As used herein, when an element or feature is described as being “configured,” that element or feature is structurally arranged or formed to accomplish the stated purpose. As used with respect to a processing device (e.g., computer), the term “configured” means that the processing device is structurally arranged or ordered (e.g., by supplying, arranging or connecting a specific set of internal or external components or modules, for example that perform certain operations) to accomplish the stated purpose or task.
The description and drawings of the present disclosure provided in the paper should be considered as illustrative only of the principles of the disclosure. The disclosure may be configured in a variety of ways and is not intended to be limited by the disclosed embodiment. Numerous applications of the disclosure will readily occur to those skilled in the art. Therefore, it is not desired to limit the disclosure to the specific examples disclosed or the exact construction and operation shown and described. Rather, all suitable modifications and equivalents may be resorted to, falling within the scope of the disclosure.
The following citations are hereby incorporated by reference in their entireties.
1. A behavior recognition system for analyzing an audio-video signal to detect challenging behaviors in autism via behavioral features, said system comprising:
a processor configured to:
segment the audio-video signal into clips of audio data and video data, each of said clips having a predefined duration and annotated with interaction styles;
sample and preprocess the audio data and video data of said clips to provide square video patches and square audio patches;
tokenize the square video patches to embed video positional information and video modality information, and tokenize the square audio patches to embed audio positional information and audio modality information; and
predict behaviors based on the tokenized square video patches and the tokenized square audio patches.

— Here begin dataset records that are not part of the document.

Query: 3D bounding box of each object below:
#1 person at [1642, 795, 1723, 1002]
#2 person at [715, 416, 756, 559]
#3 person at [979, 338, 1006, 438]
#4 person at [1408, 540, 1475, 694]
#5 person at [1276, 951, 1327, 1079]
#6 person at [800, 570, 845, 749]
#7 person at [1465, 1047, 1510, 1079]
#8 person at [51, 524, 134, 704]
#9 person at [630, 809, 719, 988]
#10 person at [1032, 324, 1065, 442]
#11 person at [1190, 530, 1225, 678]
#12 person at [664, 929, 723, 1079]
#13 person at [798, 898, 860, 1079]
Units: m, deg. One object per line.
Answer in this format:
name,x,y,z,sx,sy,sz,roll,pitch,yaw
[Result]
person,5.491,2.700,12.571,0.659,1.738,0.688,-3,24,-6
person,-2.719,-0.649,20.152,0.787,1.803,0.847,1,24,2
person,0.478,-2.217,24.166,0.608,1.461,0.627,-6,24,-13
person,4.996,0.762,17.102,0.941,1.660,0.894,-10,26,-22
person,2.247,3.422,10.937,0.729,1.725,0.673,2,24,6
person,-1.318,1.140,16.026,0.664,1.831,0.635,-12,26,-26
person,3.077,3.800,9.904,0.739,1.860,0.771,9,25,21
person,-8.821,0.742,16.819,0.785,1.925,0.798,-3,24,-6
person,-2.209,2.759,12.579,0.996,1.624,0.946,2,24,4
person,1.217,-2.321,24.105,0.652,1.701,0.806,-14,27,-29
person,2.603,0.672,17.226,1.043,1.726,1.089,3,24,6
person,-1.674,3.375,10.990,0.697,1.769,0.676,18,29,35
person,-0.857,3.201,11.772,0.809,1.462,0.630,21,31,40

2. The system of claim 1, wherein the sample and preprocess of the video data comprises selecting a key frame, resizing and center cropping the key frame, and segment the key frame into the square video patches.

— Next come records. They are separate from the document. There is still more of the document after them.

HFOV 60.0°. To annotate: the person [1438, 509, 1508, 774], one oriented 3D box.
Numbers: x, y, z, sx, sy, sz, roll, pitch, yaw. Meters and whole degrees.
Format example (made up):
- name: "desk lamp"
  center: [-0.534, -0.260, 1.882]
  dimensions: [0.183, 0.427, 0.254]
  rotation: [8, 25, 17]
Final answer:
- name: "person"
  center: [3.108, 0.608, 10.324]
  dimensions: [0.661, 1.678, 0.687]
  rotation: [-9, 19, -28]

3. The system of claim 1, wherein the sample and preprocess of the audio data comprises converting the audio data into spectrograms, sampling the spectrograms to provide a sequence of features, and segmenting the spectrograms into the square audio patches.
4. The system of claim 1, wherein said key fame uses both reconstruction loss and contrastive loss.
5. The system of claim 1, wherein said system predicts behavioral features with an 80-90% accuracy.